Certo come primo scrollone non fu male, Ralph scese miseramente e irrimediabilmente con i piedi per terra, poche distrazioni, l’euforia possono distrarti, fu il pensiero che gli passò tra un fischio e uno sbuffo.
Piedi in terra, mani sul manubrio, Ralph volse lo sguardo a destra e poi a sinistra, la strada era libera, mise i piedi sui pedali e lentamente si portò a margine della carreggiata.

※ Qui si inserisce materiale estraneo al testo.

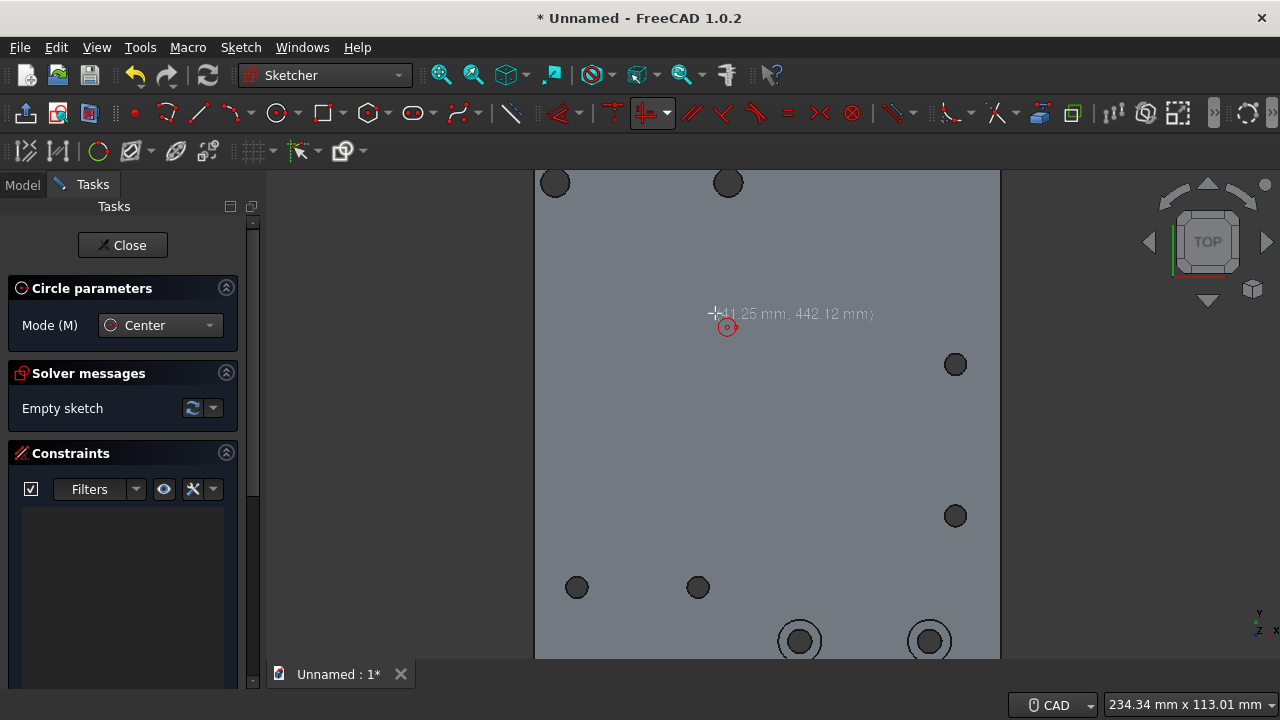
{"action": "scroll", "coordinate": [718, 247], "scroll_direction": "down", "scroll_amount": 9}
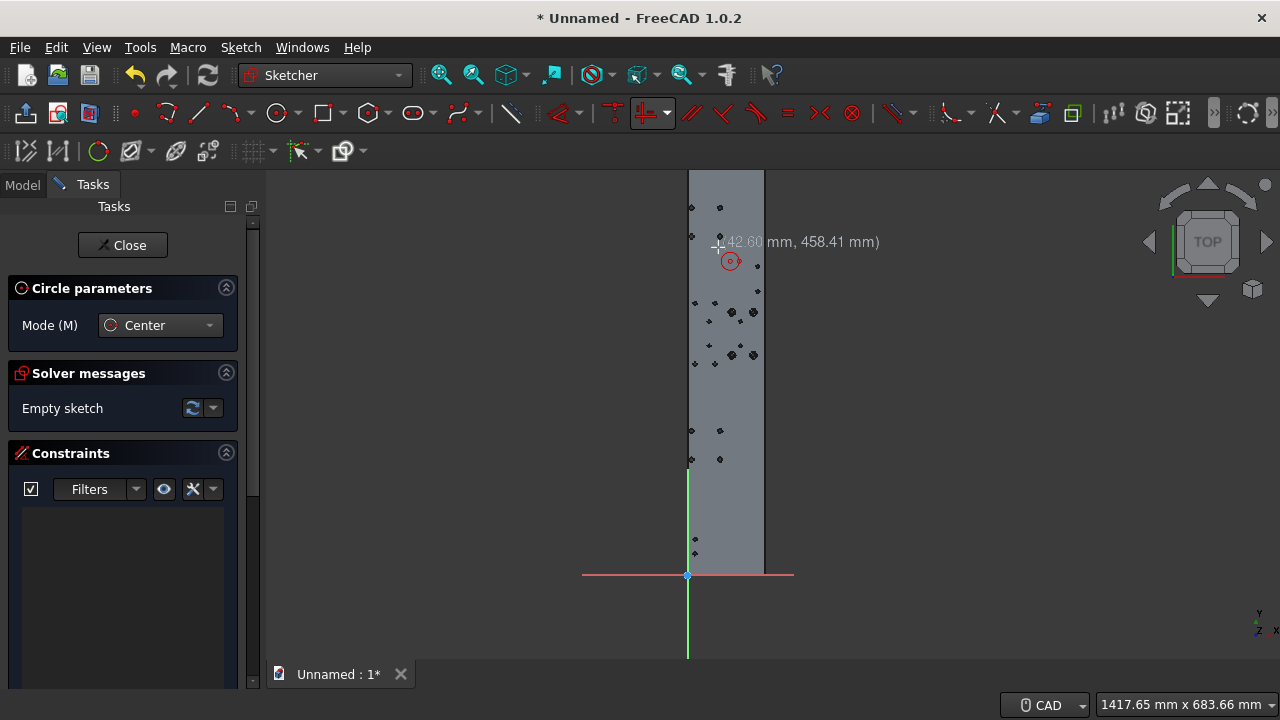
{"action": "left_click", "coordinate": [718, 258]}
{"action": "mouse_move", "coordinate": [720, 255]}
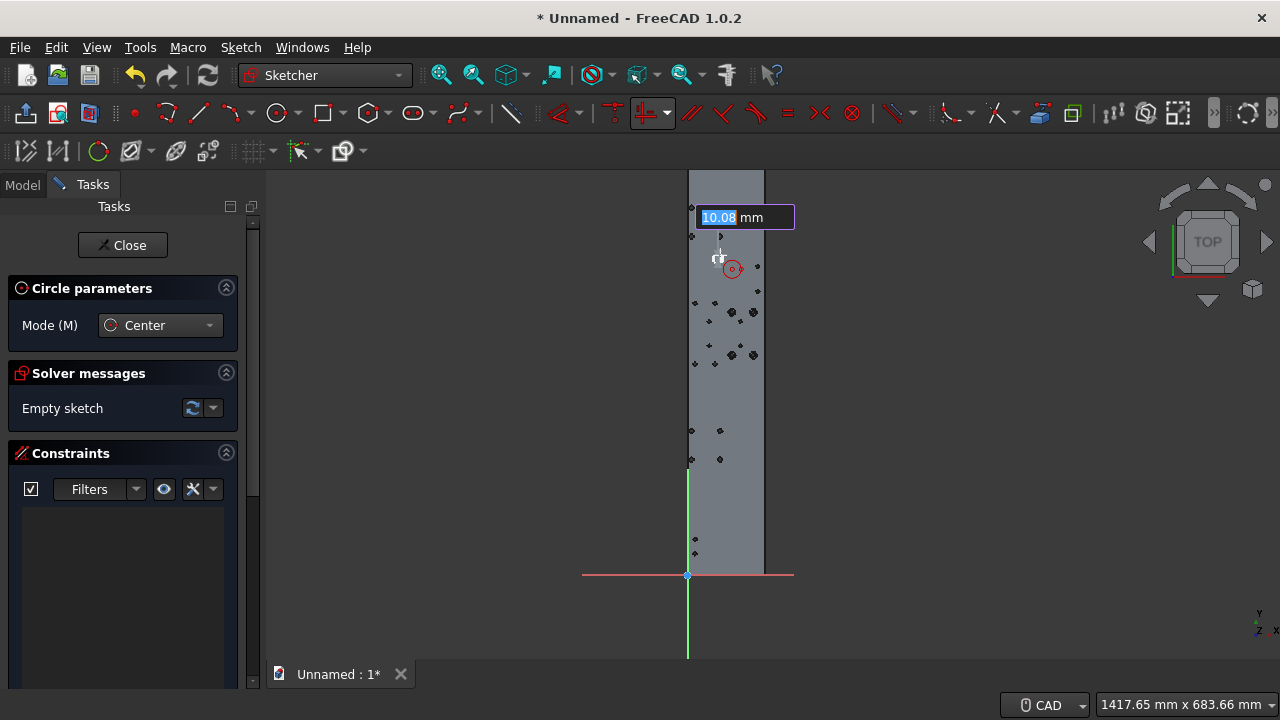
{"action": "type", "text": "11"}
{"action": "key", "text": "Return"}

Erano solo poche centinaia di metri, ma il pericolo del traffico su quella statale era reale, ogni tre o quattro pedalate si voltava indietro a controllare l’arrivo di qualche mezzo.
Si voltava e la bicicletta dondolava ora a destra ora a sinistra, le gomme nere scricchiolavano sul ghiaino sottile a bordo strada, rimasuglio dell’asfalto che si sbriciolava  al passaggio dei mezzi e all'incedere delle erbacce dai fossi.
Finalmente arrivò alla stradina sterrata che si infilava nei campi, si fermo al sicuro, appoggiò la bicicletta per terra e dallo zaino prese la borraccia piena d’acqua, ne bevve un bel sorso e poi ancora un altro, servivano più per scacciare la paura che per placare la sete.
La strada sterrata serpeggiava tra campi coltivati fino a inoltrarsi in un verde boschetto, rigoglioso, verde, ombreggiato.
Il sole che si innalzava sempre più prepotente nel cielo faceva filtrare i sui raggi luminosi attraverso le fronde degli alberi le cui cime dondolavano dolcemente cullate da una lieve brezza mattutina.
Si sentì al sicuro a pedalare tra quella natura così placida e tranquilla, i cui suoni erano come carezze per i timpani e vibrazioni per lo spirito.
Si sentivano solo i cigolii dei pedali , il fregare sulla terra delle nere ruote della bicicletta che si impolveravano solcando la strada e il battito costante del cuore di Ralph che pedalava verso la città.